Task — Line count for the string "object": state how many lines in the records below hold it, giving only the number.

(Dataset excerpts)
>>>>

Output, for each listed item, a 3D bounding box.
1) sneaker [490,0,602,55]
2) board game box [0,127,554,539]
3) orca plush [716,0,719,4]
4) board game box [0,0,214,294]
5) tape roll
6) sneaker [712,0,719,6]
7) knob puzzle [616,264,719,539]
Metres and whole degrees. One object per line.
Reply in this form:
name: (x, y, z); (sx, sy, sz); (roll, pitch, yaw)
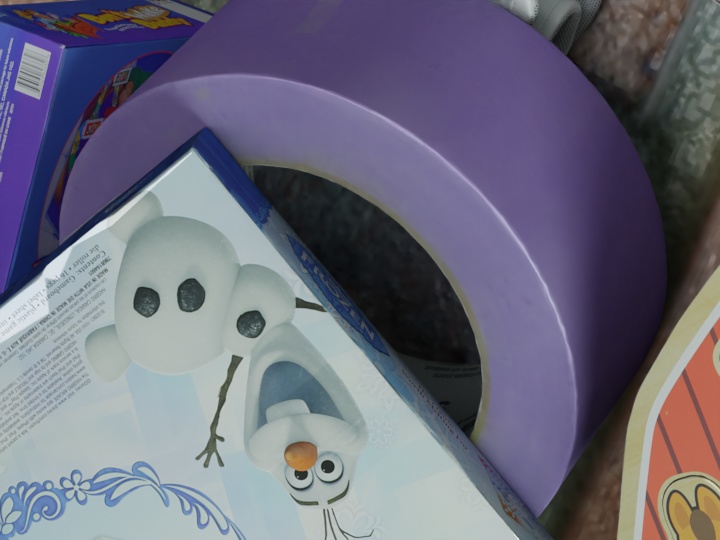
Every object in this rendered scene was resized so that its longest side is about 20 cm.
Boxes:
sneaker: (0.028, -0.134, 1.012); (0.115, 0.075, 0.201); (14, 108, 25)
board game box: (-0.065, 0.091, 0.949); (0.200, 0.043, 0.199); (-38, 98, 12)
orca plush: (0.191, -0.149, 0.925); (0.105, 0.071, 0.201); (21, 86, 13)
board game box: (-0.115, 0.001, 1.067); (0.045, 0.134, 0.201); (22, 106, 23)
tape roll: (0.000, 0.000, 0.993); (0.199, 0.085, 0.201); (16, 128, 21)
sneaker: (0.101, -0.147, 0.968); (0.200, 0.080, 0.070); (44, 112, 14)
knob puzzle: (0.151, 0.081, 0.832); (0.219, 0.030, 0.221); (14, 116, 31)
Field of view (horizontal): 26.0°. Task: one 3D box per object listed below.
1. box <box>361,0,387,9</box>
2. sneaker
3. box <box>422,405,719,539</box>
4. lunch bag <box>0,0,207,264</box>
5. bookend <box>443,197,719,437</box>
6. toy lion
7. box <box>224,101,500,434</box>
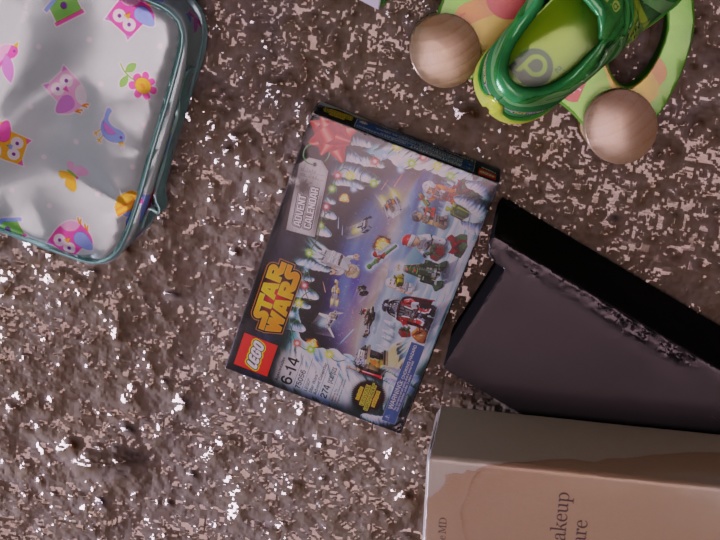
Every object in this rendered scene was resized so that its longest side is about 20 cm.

<<<<

Written reply — 4